Cela étant, plusieurs facteurs soutiennent la résilience de l’économie et devraient favoriser la croissance à moyen terme. La vigueur du marché du travail, la hausse des revenus réels, la solidité des bilans du secteur privé et l’amélioration des conditions de financement, en partie sous l’effet des réductions antérieures des taux d’intérêt décidées par le Conseil des gouverneurs, devraient aider les consommateurs et les entreprises à faire face aux retombées d’un environnement mondial volatil. Les mesures annoncées récemment visant à augmenter les investissements dans la défense et les infrastructures devraient également stimuler la croissance.
Dans l’environnement géopolitique actuel, il est encore plus urgent que les politiques budgétaires et structurelles contribuent à renforcer la productivité, la compétitivité et la résilience de l’économie de la zone euro. La boussole pour la compétitivité présentée par la Commission européenne constitue un plan d’action concret dont les propositions, axées notamment sur la simplification, devraient être adoptées sans délai. Il convient, par exemple, d’achever l’union pour l’épargne et l’investissement, selon un calendrier clair et ambitieux. Il importe également de mettre rapidement en place le cadre législatif posant les jalons de l’introduction éventuelle d’un euro numérique. Il appartient aux gouvernements d’assurer la pérennité des finances publiques conformément au cadre de gouvernance économique de l’UE tout en privilégiant les réformes structurelles essentielles favorables à la croissance ainsi que les investissements stratégiques.
Inflation
L’inflation en rythme annuel s’est ralentie à 1,9 % en mai, contre 2,2 % en avril, selon l’estimation rapide d’Eurostat. La baisse des prix de l’énergie s’est maintenue à – 3,6 %. Les produits alimentaires se sont renchéris à 3,3 %, contre 3,0 % le mois précédent. La hausse des prix des biens est restée inchangée, à 0,6 %, tandis que l’augmentation des prix des services est revenue à 3,2 %, contre 4,0 % en avril. L’augmentation des prix des services s’était accélérée en avril du fait principalement du renchérissement plus important qu’anticipé des services de voyage pendant la période de Pâques.

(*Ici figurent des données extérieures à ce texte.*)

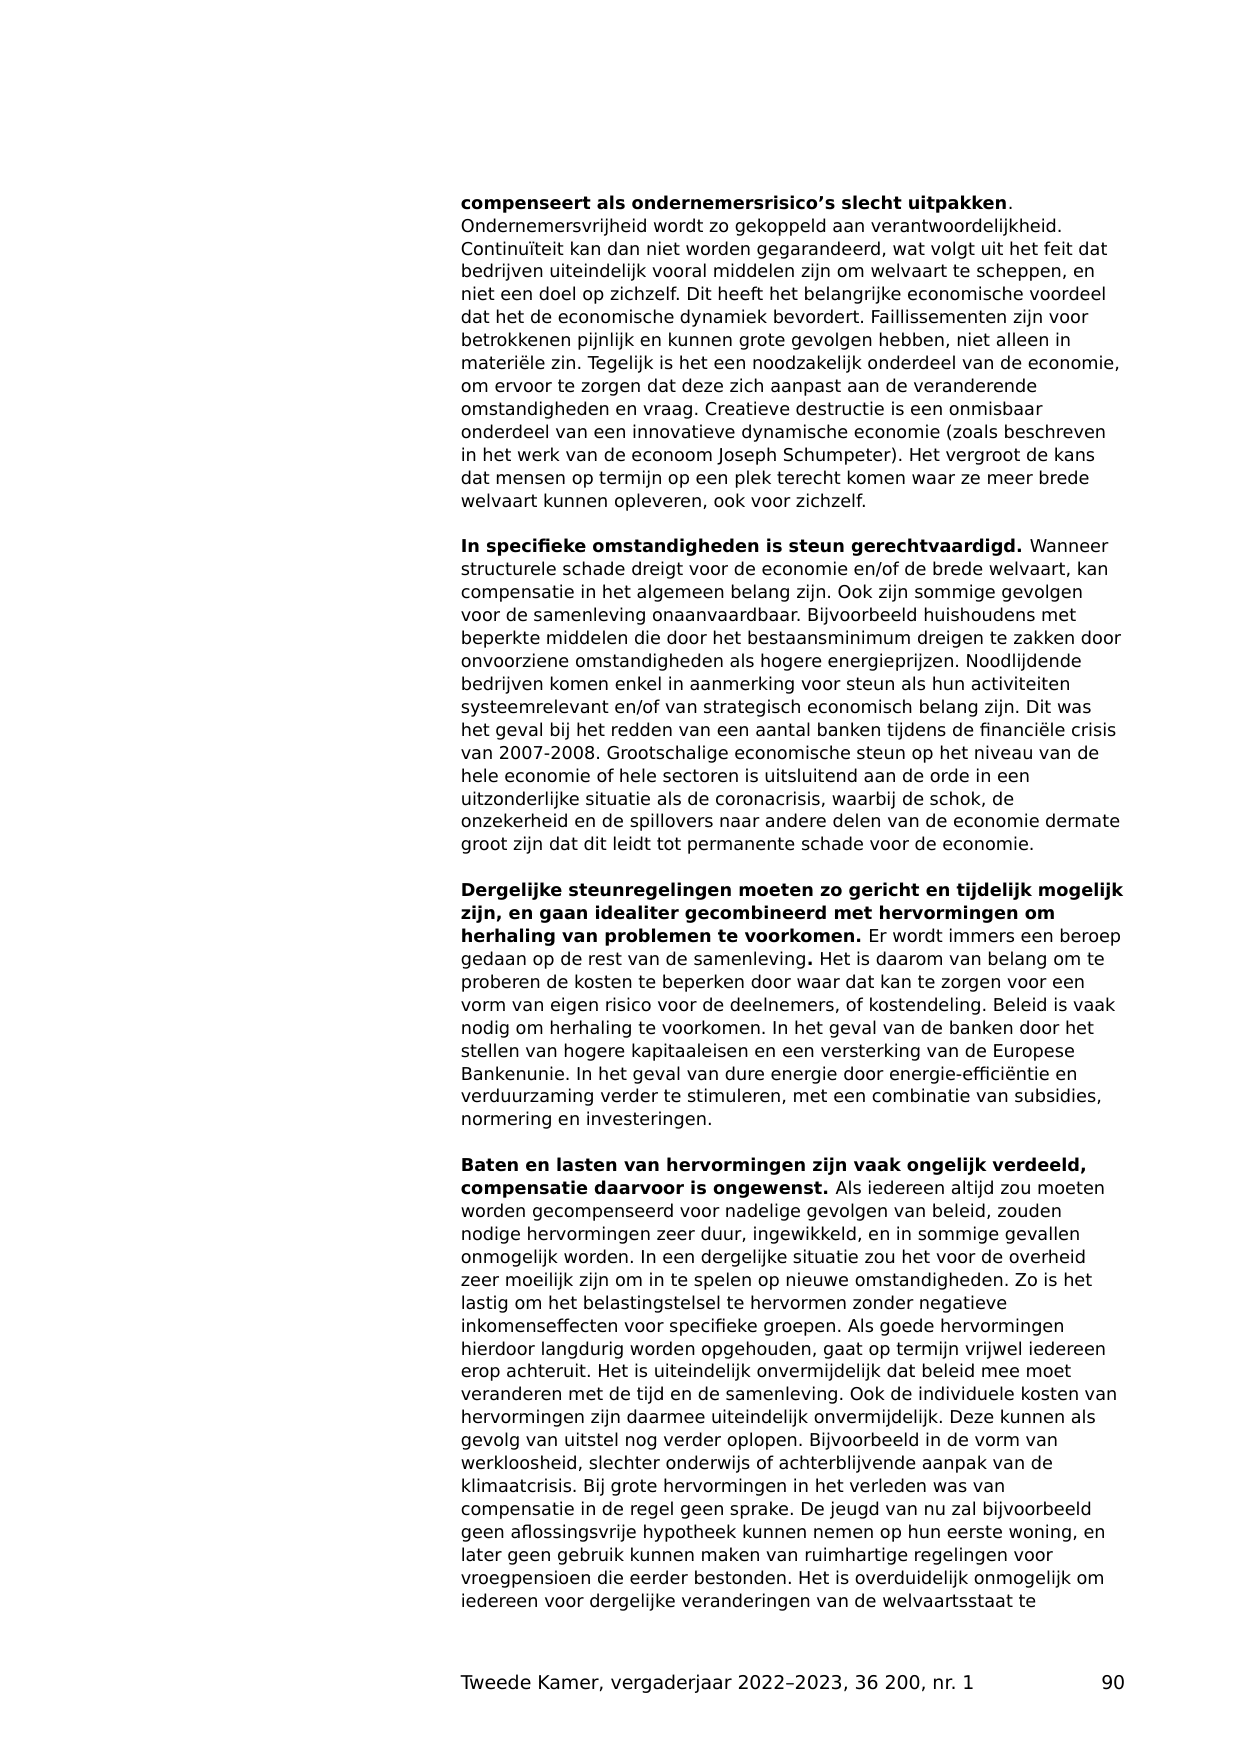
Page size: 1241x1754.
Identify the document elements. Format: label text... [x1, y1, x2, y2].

text In specifieke omstandigheden is steun gerechtvaardigd. Wanneer structurele schade dreigt voor de economie en/of de brede welvaart, kan compensatie in het algemeen belang zijn. Ook zijn sommige gevolgen voor de samenleving onaanvaardbaar. Bijvoorbeeld huishoudens met beperkte middelen die door het bestaansminimum dreigen te zakken door onvoorziene omstandigheden als hogere energieprijzen. Noodlijdende bedrijven komen enkel in aanmerking voor steun als hun activiteiten systeemrelevant en/of van strategisch economisch belang zijn. Dit was het geval bij het redden van een aantal banken tijdens de financiële crisis van 2007-2008. Grootschalige economische steun op het niveau van de hele economie of hele sectoren is uitsluitend aan de orde in een uitzonderlijke situatie als de coronacrisis, waarbij de schok, de onzekerheid en de spillovers naar andere delen van de economie dermate groot zijn dat dit leidt tot permanente schade voor de economie. [461, 534, 1125, 855]
text Baten en lasten van hervormingen zijn vaak ongelijk verdeeld, compensatie daarvoor is ongewenst. Als iedereen altijd zou moeten worden gecompenseerd voor nadelige gevolgen van beleid, zouden nodige hervormingen zeer duur, ingewikkeld, en in sommige gevallen onmogelijk worden. In een dergelijke situatie zou het voor de overheid zeer moeilijk zijn om in te spelen op nieuwe omstandigheden. Zo is het lastig om het belastingstelsel te hervormen zonder negatieve inkomenseffecten voor specifieke groepen. Als goede hervormingen hierdoor langdurig worden opgehouden, gaat op termijn vrijwel iedereen erop achteruit. Het is uiteindelijk onvermijdelijk dat beleid mee moet veranderen met de tijd en de samenleving. Ook de individuele kosten van hervormingen zijn daarmee uiteindelijk onvermijdelijk. Deze kunnen als gevolg van uitstel nog verder oplopen. Bijvoorbeeld in de vorm van werkloosheid, slechter onderwijs of achterblijvende aanpak van de klimaatcrisis. Bij grote hervormingen in het verleden was van compensatie in de regel geen sprake. De jeugd van nu zal bijvoorbeeld geen aflossingsvrije hypotheek kunnen nemen op hun eerste woning, en later geen gebruik kunnen maken van ruimhartige regelingen voor vroegpensioen die eerder bestonden. Het is overduidelijk onmogelijk om iedereen voor dergelijke veranderingen van de welvaartsstaat te [461, 1153, 1125, 1612]
text compenseert als ondernemersrisico’s slecht uitpakken. Ondernemersvrijheid wordt zo gekoppeld aan verantwoordelijkheid. Continuïteit kan dan niet worden gegarandeerd, wat volgt uit het feit dat bedrijven uiteindelijk vooral middelen zijn om welvaart te scheppen, en niet een doel op zichzelf. Dit heeft het belangrijke economische voordeel dat het de economische dynamiek bevordert. Faillissementen zijn voor betrokkenen pijnlijk en kunnen grote gevolgen hebben, niet alleen in materiële zin. Tegelijk is het een noodzakelijk onderdeel van de economie, om ervoor te zorgen dat deze zich aanpast aan de veranderende omstandigheden en vraag. Creatieve destructie is een onmisbaar onderdeel van een innovatieve dynamische economie (zoals beschreven in het werk van de econoom Joseph Schumpeter). Het vergroot de kans dat mensen op termijn op een plek terecht komen waar ze meer brede welvaart kunnen opleveren, ook voor zichzelf. [461, 191, 1125, 512]
text Dergelijke steunregelingen moeten zo gericht en tijdelijk mogelijk zijn, en gaan idealiter gecombineerd met hervormingen om herhaling van problemen te voorkomen. Er wordt immers een beroep gedaan op de rest van de samenleving. Het is daarom van belang om te proberen de kosten te beperken door waar dat kan te zorgen voor een vorm van eigen risico voor de deelnemers, of kostendeling. Beleid is vaak nodig om herhaling te voorkomen. In het geval van de banken door het stellen van hogere kapitaaleisen en een versterking van de Europese Bankenunie. In het geval van dure energie door energie-efficiëntie en verduurzaming verder te stimuleren, met een combinatie van subsidies, normering en investeringen. [461, 878, 1125, 1130]

La plupart des indicateurs de l’inflation sous-jacente laissent entrevoir une stabilisation durable de l’inflation au niveau de la cible du Conseil des gouverneurs de 2 % à moyen terme. Les coûts de main-d’œuvre s’atténuent progressivement, comme l’indiquent les dernières données sur les salaires négociés et les données disponibles par pays sur la rémunération par tête. L’outil de suivi des salaires de la BCE signale une nouvelle modération de la croissance des salaires négociés en 2025, tandis que les projections de juin 2025 tablent sur une croissance des salaires qui reviendrait au-dessous de 3 % en 2026 et 2027. Si le recul des prix de l’énergie et le renforcement de l’euro exercent une pression baissière sur l’inflation à court terme, celle-ci devrait revenir au niveau de la cible en 2027.
Les anticipations d’inflation à court terme des consommateurs ont légèrement augmenté en avril 2025, reflétant probablement les informations relatives aux tensions commerciales. Toutefois, la plupart des mesures des anticipations d’inflation à plus long terme continuent de s’établir autour de 2 %, favorisant la stabilisation de l’inflation au niveau de la cible du Conseil des gouverneurs.

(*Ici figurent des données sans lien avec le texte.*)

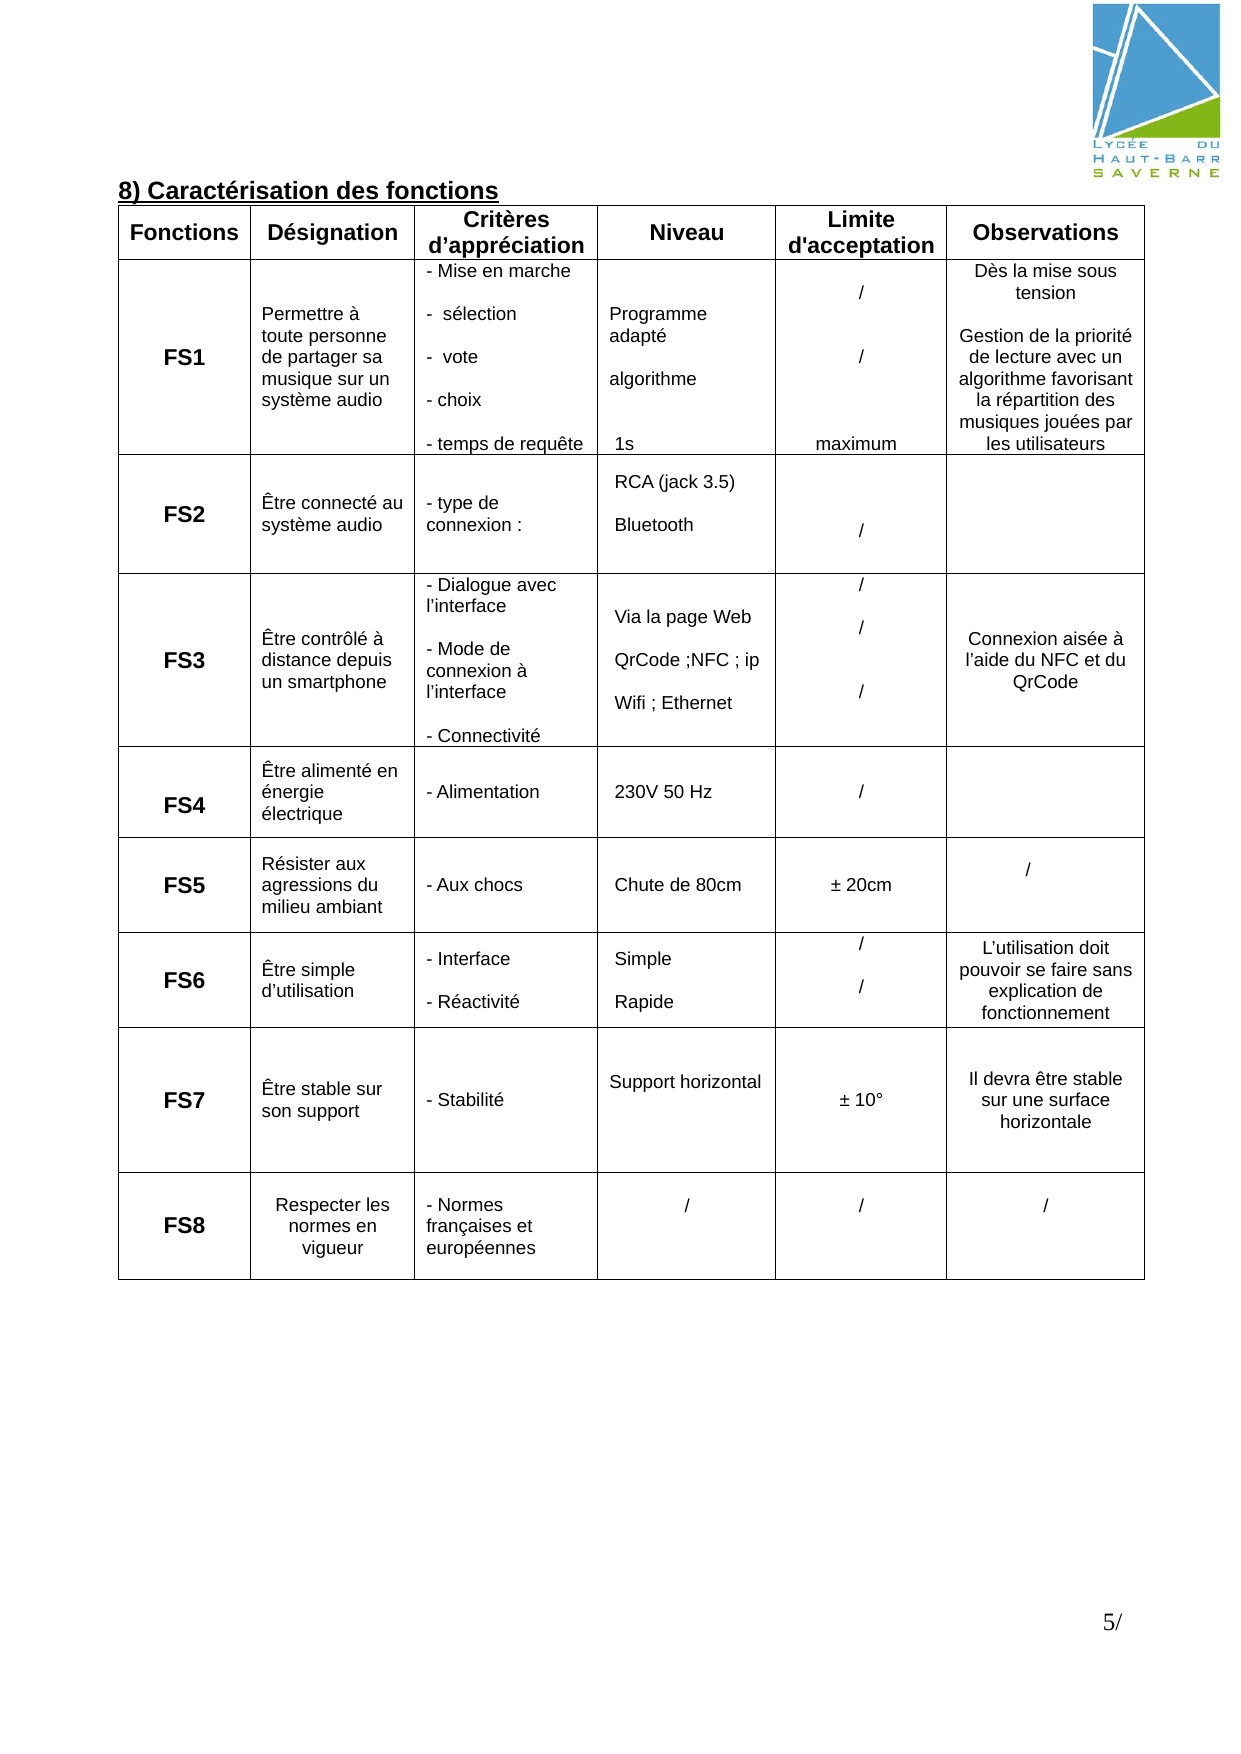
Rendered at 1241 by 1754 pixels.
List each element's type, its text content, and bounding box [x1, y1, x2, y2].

table_cell / [947, 838, 1144, 932]
table_header Désignation [251, 206, 414, 259]
table_cell / / / [776, 574, 946, 746]
table_cell - Normes françaises et européennes [415, 1173, 597, 1278]
table_cell 230V 50 Hz [598, 747, 775, 837]
table_cell Via la page Web QrCode ;NFC ; ip Wifi ; Ethernet [598, 574, 775, 746]
table_cell FS6 [119, 933, 250, 1027]
table_cell Être stable sur son support [251, 1028, 414, 1172]
table_cell / / [776, 933, 946, 1027]
table_cell L’utilisation doit pouvoir se faire sans explication de fonctionnement [947, 933, 1144, 1027]
table_cell - Interface - Réactivité [415, 933, 597, 1027]
table_cell FS2 [119, 455, 250, 572]
table_cell / [776, 747, 946, 837]
table_cell - type de connexion : [415, 455, 597, 572]
table_cell FS7 [119, 1028, 250, 1172]
table_cell Dès la mise sous tension Gestion de la priorité de lecture avec un algorithme favorisant la répartition des musiques jouées par les utilisateurs [947, 260, 1144, 454]
table_cell / [776, 455, 946, 572]
table_header Critères d’appréciation [415, 206, 597, 259]
table_cell Être simple d’utilisation [251, 933, 414, 1027]
table_cell FS4 [119, 747, 250, 837]
table_cell - Dialogue avec l’interface - Mode de connexion à l’interface - Connectivité [415, 574, 597, 746]
table_cell FS8 [119, 1173, 250, 1278]
table_cell [947, 747, 1144, 837]
table_header Niveau [598, 206, 775, 259]
table_header Observations [947, 206, 1144, 259]
table_cell Être contrôlé à distance depuis un smartphone [251, 574, 414, 746]
table_cell ± 10° [776, 1028, 946, 1172]
table_cell Il devra être stable sur une surface horizontale [947, 1028, 1144, 1172]
text 8) Caractérisation des fonctions [118, 176, 1122, 205]
table_cell - Alimentation [415, 747, 597, 837]
table_cell - Stabilité [415, 1028, 597, 1172]
table_cell Support horizontal [598, 1028, 775, 1172]
picture [1087, 0, 1224, 185]
table_cell / [947, 1173, 1144, 1278]
table_cell RCA (jack 3.5) Bluetooth [598, 455, 775, 572]
table_cell / / maximum [776, 260, 946, 454]
table_cell FS5 [119, 838, 250, 932]
table_cell Être connecté au système audio [251, 455, 414, 572]
table_cell Respecter les normes en vigueur [251, 1173, 414, 1278]
table_cell FS3 [119, 574, 250, 746]
table_cell ± 20cm [776, 838, 946, 932]
table_cell FS1 [119, 260, 250, 454]
table_cell / [598, 1173, 775, 1278]
table_cell - Mise en marche - sélection - vote - choix - temps de requête [415, 260, 597, 454]
table_header Limite d'acceptation [776, 206, 946, 259]
table_cell Simple Rapide [598, 933, 775, 1027]
table_cell Résister aux agressions du milieu ambiant [251, 838, 414, 932]
table_cell / [776, 1173, 946, 1278]
table_cell Être alimenté en énergie électrique [251, 747, 414, 837]
table_cell Permettre à toute personne de partager sa musique sur un système audio [251, 260, 414, 454]
table_header Fonctions [119, 206, 250, 259]
table_cell Programme adapté algorithme 1s [598, 260, 775, 454]
table_cell Connexion aisée à l’aide du NFC et du QrCode [947, 574, 1144, 746]
table_cell [947, 455, 1144, 572]
table_cell Chute de 80cm [598, 838, 775, 932]
table_cell - Aux chocs [415, 838, 597, 932]

Même si l’inflation totale, telle que mesurée par l’indice des prix à la consommation harmonisé (IPCH), devrait rester inférieure à 2 % à court terme, elle devrait revenir au niveau de la cible à moyen terme. Les services de l’Eurosystème s’attendent à ce que l’inflation diminue courant 2025 et atteigne un point bas de 1,4 % au premier trimestre 2026, avant de revenir à 2,0 % en 2027. Le ralentissement de l’inflation totale en 2025 semble résulter en partie d’un taux de variation des prix de l’énergie négatif consécutif à la baisse récente des prix du pétrole et des prix de gros du gaz naturel. Le taux de variation des prix de l’énergie devrait rester négatif jusqu’en 2027, lorsque les nouvelles mesures d’atténuation du changement climatique entreront en vigueur dans le cadre du nouveau système d’échange de quotas d’émission (SEQE-2). Après une remontée temporaire au deuxième trimestre 2025, la hausse des prix des produits alimentaires devrait revenir à des taux légèrement supérieurs à 2 % en 2027. La hausse de l’IPCH hors énergie et produits alimentaires devrait ralentir, sous l’effet de la composante services, à mesure que les effets des ajustements de prix différés pour certains postes vont se dissiper, les tensions sur les salaires s’atténuer et la baisse des prix de l’énergie se répercuter le long de la chaîne des prix. La croissance des salaires devrait se maintenir sur une trajectoire baissière avec l’atténuation des pressions pour compenser les pertes de salaire réel passées. Conjuguée à une reprise de la croissance de la productivité, cette évolution devrait entraîner un ralentissement sensible de l’augmentation des coûts unitaires de main-d’œuvre. Les tensions d’origine externe sur les prix, telles qu’elles se reflètent dans les prix à l’importation, devraient rester modérées dans l’hypothèse où les politiques de l’UE en matière de droits de douane restent inchangées, alors que l’appréciation de l’euro et la baisse des prix des matières premières énergétiques ces derniers mois exercent des pressions à la baisse. Par rapport aux projections de mars 2025, les perspectives relatives à la hausse de l’IPCH total sont révisées à la baisse de 0,3 point de pourcentage pour 2025 et 2026 en raison d’hypothèses de baisse des prix des matières premières énergétiques et de l’appréciation de l’euro, tandis qu’elles ne sont pas révisées pour 2027.
Évaluation des risques
Les risques pesant sur la croissance économique restent orientés à la baisse. Une nouvelle intensification des tensions commerciales dans le monde et les incertitudes qui en découlent pourraient affaiblir la croissance dans la zone euro en limitant les exportations et en freinant l’investissement et la consommation. Une détérioration de la confiance sur les marchés financiers pourrait entraîner un durcissement des conditions de financement et une plus grande aversion au risque, et décourager les entreprises et les ménages d’investir et de consommer. Les tensions géopolitiques, tenant notamment à la guerre injustifiée menée par la Russie contre l’Ukraine et au conflit tragique au Moyen-Orient, demeurent une source d’incertitude importante. En revanche, si les tensions commerciales et géopolitiques s’apaisaient rapidement, cela pourrait stimuler la confiance et l’activité. Une nouvelle augmentation des dépenses consacrées à la défense et aux infrastructures, associée à des réformes visant à accroître la productivité, favoriserait aussi la croissance.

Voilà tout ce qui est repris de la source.